Application of novel atmospheric measurement technology to wider environmental monitoring

Lead Research Organisation: University of Hertfordshire
Department Name: School of Physics, Eng & Computer Scienc


Next-generation aerosol detection for more accurate environment and health monitoring: Applying novel atmospheric measurement techniques to progress the state of the art in the characterisation of aerosols to better track pollution and airborne disease transmission.

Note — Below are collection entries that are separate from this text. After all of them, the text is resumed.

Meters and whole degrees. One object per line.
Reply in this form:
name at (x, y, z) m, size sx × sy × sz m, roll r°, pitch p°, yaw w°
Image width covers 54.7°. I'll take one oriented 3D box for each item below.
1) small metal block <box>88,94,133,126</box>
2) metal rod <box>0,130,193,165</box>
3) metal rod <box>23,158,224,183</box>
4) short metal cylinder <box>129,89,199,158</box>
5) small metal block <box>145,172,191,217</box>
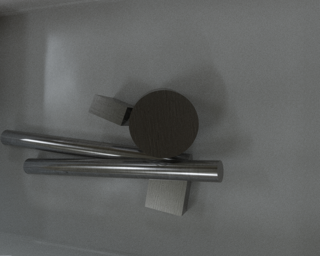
small metal block at (-0.058, -0.023, 0.417) m, size 0.050 × 0.050 × 0.025 m, roll 22°, pitch 97°, yaw 18°
metal rod at (-0.103, 0.030, 0.445) m, size 0.301 × 0.025 × 0.025 m, roll 6°, pitch 92°, yaw 19°
metal rod at (-0.067, 0.054, 0.413) m, size 0.301 × 0.025 × 0.025 m, roll -2°, pitch 89°, yaw 26°
short metal cylinder at (0.004, -0.008, 0.381) m, size 0.081 × 0.050 × 0.079 m, roll 0°, pitch 100°, yaw -1°
small metal block at (0.012, 0.082, 0.406) m, size 0.050 × 0.025 × 0.050 m, roll 10°, pitch 93°, yaw 19°
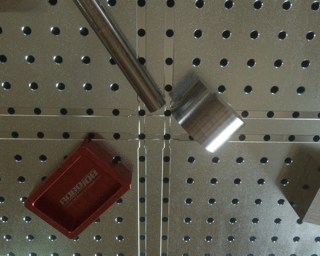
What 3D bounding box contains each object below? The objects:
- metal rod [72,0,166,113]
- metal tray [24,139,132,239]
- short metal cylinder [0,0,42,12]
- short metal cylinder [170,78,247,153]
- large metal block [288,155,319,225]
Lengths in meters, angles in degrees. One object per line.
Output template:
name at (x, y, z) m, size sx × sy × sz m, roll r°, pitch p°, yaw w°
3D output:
metal rod at (-0.084, -0.145, 0.358) m, size 0.025 × 0.025 × 0.299 m, roll -31°, pitch 108°, yaw 10°
metal tray at (-0.115, 0.089, 0.441) m, size 0.090 × 0.030 × 0.130 m, roll 43°, pitch 104°, yaw -15°
short metal cylinder at (-0.171, -0.168, 0.336) m, size 0.081 × 0.050 × 0.079 m, roll 0°, pitch 110°, yaw -1°
short metal cylinder at (0.059, -0.015, 0.379) m, size 0.080 × 0.080 × 0.050 m, roll 40°, pitch 105°, yaw -14°
large metal block at (0.244, 0.093, 0.438) m, size 0.081 × 0.050 × 0.079 m, roll 15°, pitch 109°, yaw -6°
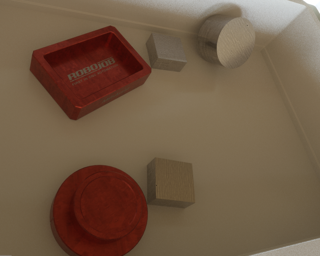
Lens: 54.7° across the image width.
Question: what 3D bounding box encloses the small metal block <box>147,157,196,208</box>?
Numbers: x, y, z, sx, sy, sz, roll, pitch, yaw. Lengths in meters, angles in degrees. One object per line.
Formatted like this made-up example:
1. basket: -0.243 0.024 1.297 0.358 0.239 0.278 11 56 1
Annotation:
1. small metal block: 0.013 0.067 0.373 0.050 0.025 0.050 12 57 -22

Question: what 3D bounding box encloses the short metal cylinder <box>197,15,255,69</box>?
1. short metal cylinder: 0.109 -0.143 0.510 0.081 0.079 0.050 -5 24 -31

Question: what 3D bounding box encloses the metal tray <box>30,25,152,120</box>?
1. metal tray: -0.085 -0.077 0.404 0.090 0.030 0.131 50 51 6

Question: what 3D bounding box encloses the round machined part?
1. round machined part: -0.057 0.083 0.315 0.099 0.042 0.098 14 56 -21

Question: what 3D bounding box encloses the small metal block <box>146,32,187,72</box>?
1. small metal block: 0.010 -0.118 0.485 0.050 0.025 0.050 2 61 -28
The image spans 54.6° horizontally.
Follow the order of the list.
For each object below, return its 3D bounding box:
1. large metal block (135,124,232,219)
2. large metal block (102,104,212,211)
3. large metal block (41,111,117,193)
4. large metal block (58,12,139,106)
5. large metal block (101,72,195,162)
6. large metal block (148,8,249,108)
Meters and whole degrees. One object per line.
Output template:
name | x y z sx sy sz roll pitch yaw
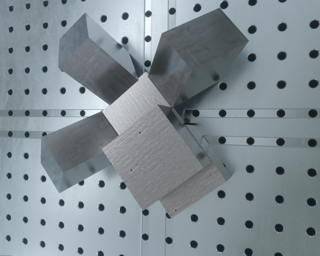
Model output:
large metal block | 0.030 0.052 0.388 0.080 0.050 0.080 -38 77 15
large metal block | -0.002 0.031 0.346 0.080 0.050 0.080 -39 79 15
large metal block | -0.105 0.033 0.405 0.050 0.081 0.080 54 148 13
large metal block | -0.079 -0.088 0.395 0.050 0.080 0.080 -40 38 16
large metal block | -0.015 -0.013 0.405 0.080 0.050 0.080 -40 78 15
large metal block | 0.040 -0.077 0.353 0.080 0.080 0.050 -31 77 -23
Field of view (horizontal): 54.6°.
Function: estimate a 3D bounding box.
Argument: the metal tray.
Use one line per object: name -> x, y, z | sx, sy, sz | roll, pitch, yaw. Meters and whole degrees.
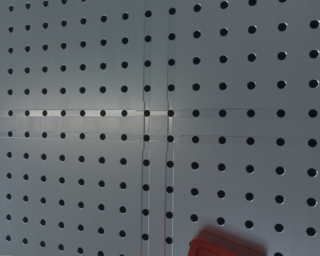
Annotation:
metal tray -> 0.069, 0.207, 0.385 | 0.090, 0.030, 0.129 | 17, 96, 19

Airborne particulates are emitted and transmitted by a wide range of sources and over all geographic scales, from indoors to globally. Our ability to identify the source of aerosols and model how they are transported is critical to both determining their likely impacts and implementing mitigation measures to protect human, animal and plant health. To achieve this, there is a need to better identify and characterise the types of particle across a range of environments: urban, agricultural, industrial, clinical, indoor. However, existing real-time monitoring techniques do not provide sufficient information on which to base effective action. While optical particle counters, used for air quality monitoring, can determine aerosol size, they are unable to differentiate between aerosol shape and therefore type, for example the difference between diesel droplets and brake dust, or pathogenic fungal spores and simply dust from a field. Nor can they identify source apportionment, for example whether the principal cause of an acute pollution episode is traffic, a factory or the weather.

Real-time detection technologies are limited to low-cost OPCs or expensive research-grade instruments that only identify a specific aerosol type. Our long-term vision is to engineer a novel monitoring system, by combining machine learning techniques with light-scattering technologies originally developed to classify atmospheric ice, that discriminates aerosols by not just size but, crucially, by shape and surface structure too. We believe this capability will allow the use of a single instrument to detect a broad range of airborne pollutants and pathogens, and identify the source of an influx of a particular aerosol, how far it may be transported and its environmental or health impact.